— Task item —
A verbatim copy of the records is required, with all pictures left out.

□ □ □ □

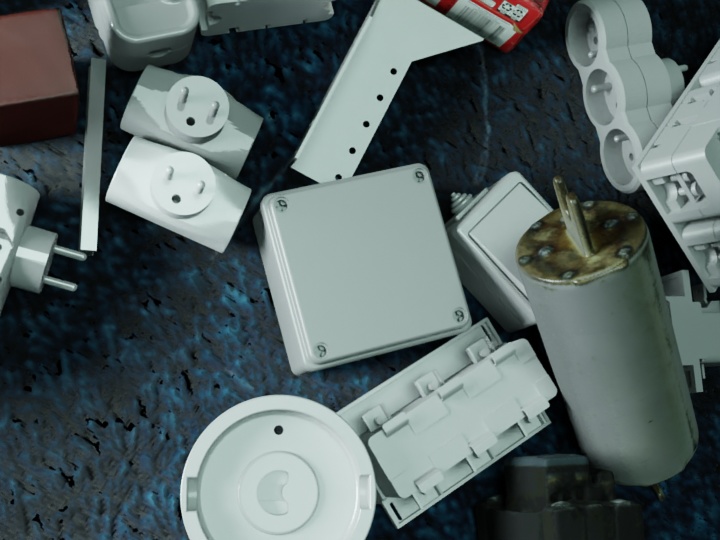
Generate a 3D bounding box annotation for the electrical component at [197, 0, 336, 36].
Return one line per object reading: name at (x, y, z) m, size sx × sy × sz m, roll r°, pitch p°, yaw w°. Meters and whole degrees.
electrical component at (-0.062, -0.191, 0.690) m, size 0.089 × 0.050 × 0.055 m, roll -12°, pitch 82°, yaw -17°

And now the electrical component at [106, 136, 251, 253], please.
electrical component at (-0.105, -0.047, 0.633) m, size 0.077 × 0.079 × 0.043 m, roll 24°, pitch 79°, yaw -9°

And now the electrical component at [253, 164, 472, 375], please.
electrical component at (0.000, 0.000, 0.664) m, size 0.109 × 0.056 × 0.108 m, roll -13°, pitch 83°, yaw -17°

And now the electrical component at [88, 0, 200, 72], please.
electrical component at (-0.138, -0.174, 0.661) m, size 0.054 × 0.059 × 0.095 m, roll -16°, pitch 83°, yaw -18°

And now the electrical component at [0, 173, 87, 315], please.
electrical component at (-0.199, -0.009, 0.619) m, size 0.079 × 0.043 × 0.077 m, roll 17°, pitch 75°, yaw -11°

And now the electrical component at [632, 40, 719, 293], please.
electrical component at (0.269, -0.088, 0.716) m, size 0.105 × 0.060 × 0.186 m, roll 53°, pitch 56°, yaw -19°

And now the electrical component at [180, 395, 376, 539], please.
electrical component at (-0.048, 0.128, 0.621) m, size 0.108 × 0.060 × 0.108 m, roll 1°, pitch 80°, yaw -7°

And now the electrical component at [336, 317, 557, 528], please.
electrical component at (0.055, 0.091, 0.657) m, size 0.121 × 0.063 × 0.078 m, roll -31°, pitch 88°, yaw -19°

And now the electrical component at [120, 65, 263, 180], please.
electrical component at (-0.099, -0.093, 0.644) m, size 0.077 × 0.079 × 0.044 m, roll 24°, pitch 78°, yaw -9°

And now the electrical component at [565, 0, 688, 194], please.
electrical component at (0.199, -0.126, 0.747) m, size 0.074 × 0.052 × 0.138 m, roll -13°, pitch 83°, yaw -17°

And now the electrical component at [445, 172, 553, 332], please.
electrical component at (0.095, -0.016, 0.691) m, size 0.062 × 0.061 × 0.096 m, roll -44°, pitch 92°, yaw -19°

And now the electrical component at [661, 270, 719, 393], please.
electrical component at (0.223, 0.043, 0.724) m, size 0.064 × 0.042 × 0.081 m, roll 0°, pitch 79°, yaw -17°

□ □ □ □

— The completed task —
Generate a 3D bounding box annotation for the electrical component at [197, 0, 336, 36].
Return one line per object reading: name at (x, y, z) m, size sx × sy × sz m, roll r°, pitch p°, yaw w°. Meters and whole degrees.
electrical component at (-0.062, -0.191, 0.690) m, size 0.089 × 0.050 × 0.055 m, roll -12°, pitch 82°, yaw -17°

And now the electrical component at [106, 136, 251, 253], please.
electrical component at (-0.105, -0.047, 0.633) m, size 0.077 × 0.079 × 0.043 m, roll 24°, pitch 79°, yaw -9°

And now the electrical component at [253, 164, 472, 375], please.
electrical component at (0.000, 0.000, 0.664) m, size 0.109 × 0.056 × 0.108 m, roll -13°, pitch 83°, yaw -17°

And now the electrical component at [88, 0, 200, 72], please.
electrical component at (-0.138, -0.174, 0.661) m, size 0.054 × 0.059 × 0.095 m, roll -16°, pitch 83°, yaw -18°

And now the electrical component at [0, 173, 87, 315], please.
electrical component at (-0.199, -0.009, 0.619) m, size 0.079 × 0.043 × 0.077 m, roll 17°, pitch 75°, yaw -11°

And now the electrical component at [632, 40, 719, 293], please.
electrical component at (0.269, -0.088, 0.716) m, size 0.105 × 0.060 × 0.186 m, roll 53°, pitch 56°, yaw -19°

And now the electrical component at [180, 395, 376, 539], please.
electrical component at (-0.048, 0.128, 0.621) m, size 0.108 × 0.060 × 0.108 m, roll 1°, pitch 80°, yaw -7°

And now the electrical component at [336, 317, 557, 528], please.
electrical component at (0.055, 0.091, 0.657) m, size 0.121 × 0.063 × 0.078 m, roll -31°, pitch 88°, yaw -19°

And now the electrical component at [120, 65, 263, 180], please.
electrical component at (-0.099, -0.093, 0.644) m, size 0.077 × 0.079 × 0.044 m, roll 24°, pitch 78°, yaw -9°

And now the electrical component at [565, 0, 688, 194], please.
electrical component at (0.199, -0.126, 0.747) m, size 0.074 × 0.052 × 0.138 m, roll -13°, pitch 83°, yaw -17°

And now the electrical component at [445, 172, 553, 332], please.
electrical component at (0.095, -0.016, 0.691) m, size 0.062 × 0.061 × 0.096 m, roll -44°, pitch 92°, yaw -19°

And now the electrical component at [661, 270, 719, 393], please.
electrical component at (0.223, 0.043, 0.724) m, size 0.064 × 0.042 × 0.081 m, roll 0°, pitch 79°, yaw -17°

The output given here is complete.